# Is Xserver ported to freeBSD yet (I mean not as binary blob supported by CentOS)?



## slackguy (Mar 12, 2021)

Just yes or no.

(1) Is compat/linux-c7 a list of binary blob from centOS or does it fully compile (ie, where is source or are you sure)?

(2) X10 and X11 I'm sure were ported to BSD and freeBSD.  Is Xserver now no longer ported?  I do not mean resides in "ports" dir, I mean compiles using the freeBSD base system without emulators.  (ie where is source or are you sure?)


----------



## SirDice (Mar 13, 2021)

slackguy said:


> I do not mean resides in "ports" dir, I mean compiles using the freeBSD base system without emulators. (ie where is source or are you sure?)


x11-servers/xorg-server


----------



## zirias@ (Mar 13, 2021)

slackguy said:


> Just yes or no.


Yes. (and I might add: for ages…)


slackguy said:


> (1) Is compat/linux-c7 a list of binary blob from centOS or does it fully compile (ie, where is source or are you sure)?


The Linux compatibility userland (linux-c7 ports) mainly repackages binaries from Centos. It's perfectly possible to compile Linux binaries on FreeBSD, but it doesn't make sense for a compatibility layer. For an X server, this is definitely the wrong place to look.


slackguy said:


> I do not mean resides in "ports" dir, I mean compiles using the freeBSD base system without emulators.

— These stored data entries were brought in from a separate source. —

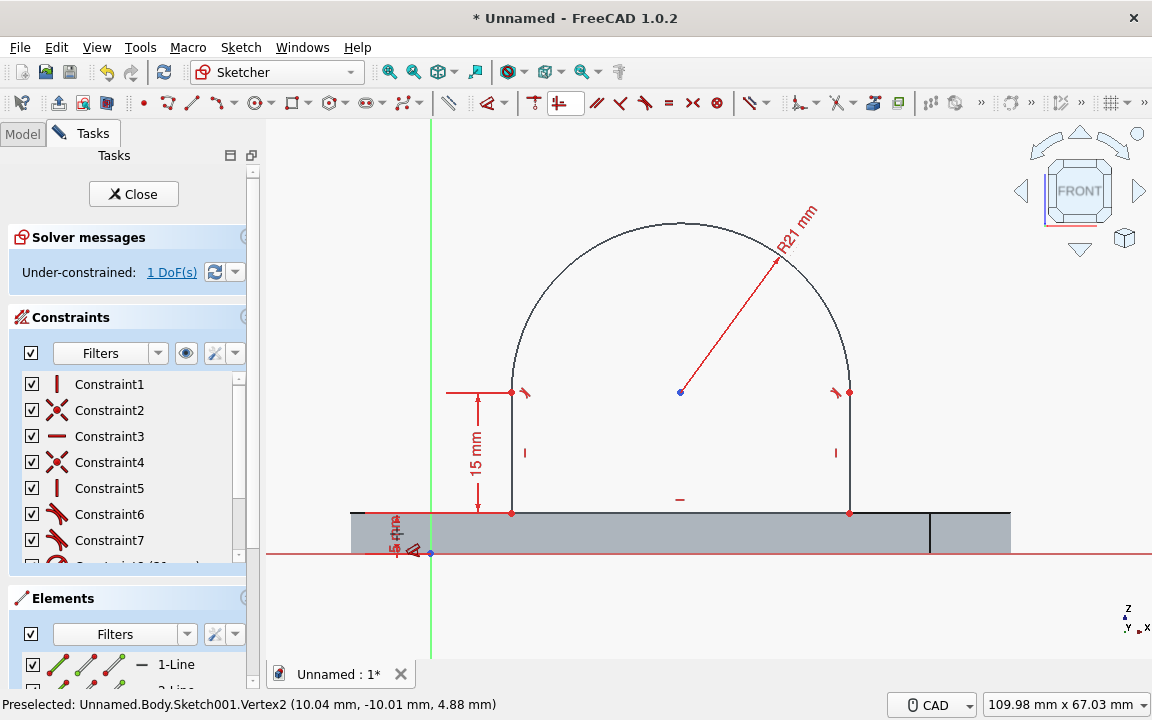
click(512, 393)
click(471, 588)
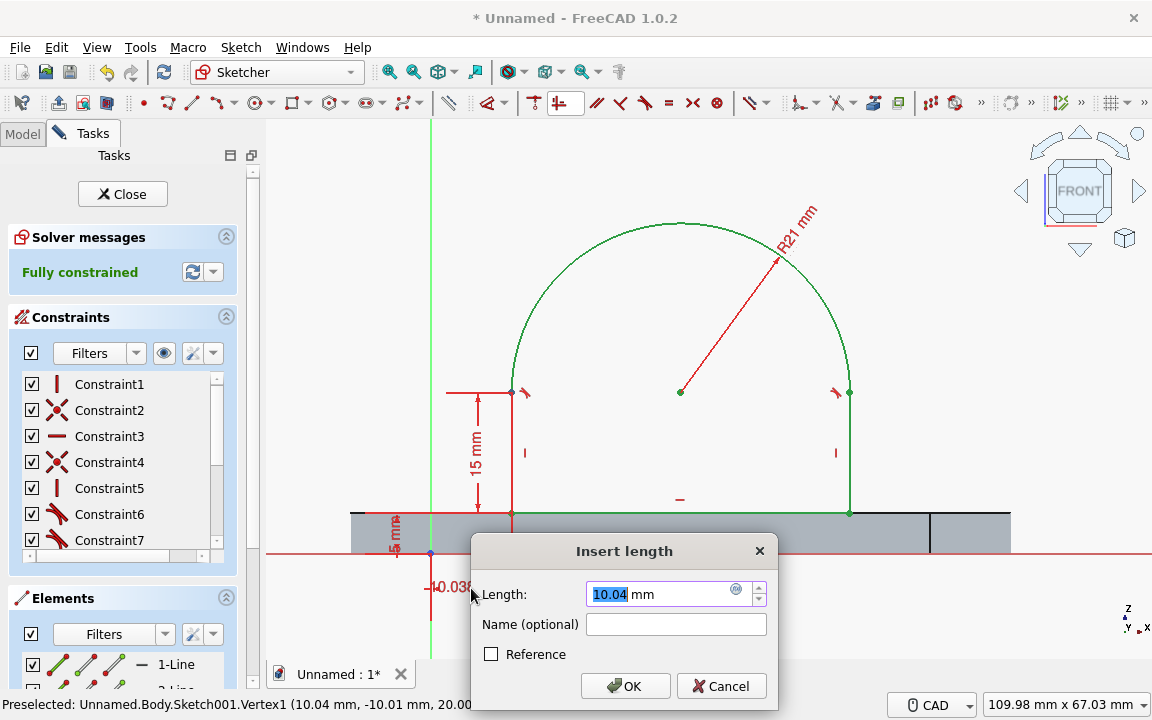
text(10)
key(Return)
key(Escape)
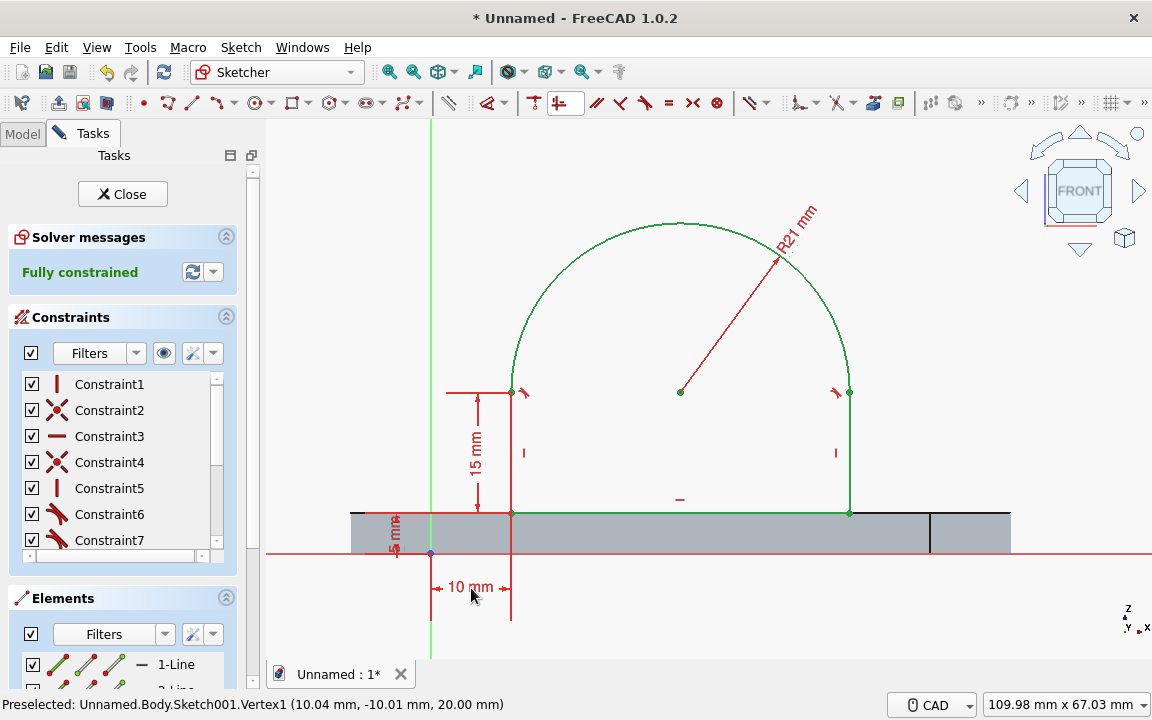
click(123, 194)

Which is actually the same, ports are exactly for that purpose, so I don't really understand this question. The port for Xorg's Xserver was already named above…


----------



## SirDice (Mar 13, 2021)

Don't bother responding, he's not going to understand it. For some reason he's really stuck on believing everything on FreeBSD is based around Linux. This account is just another incarnation of debguy.


----------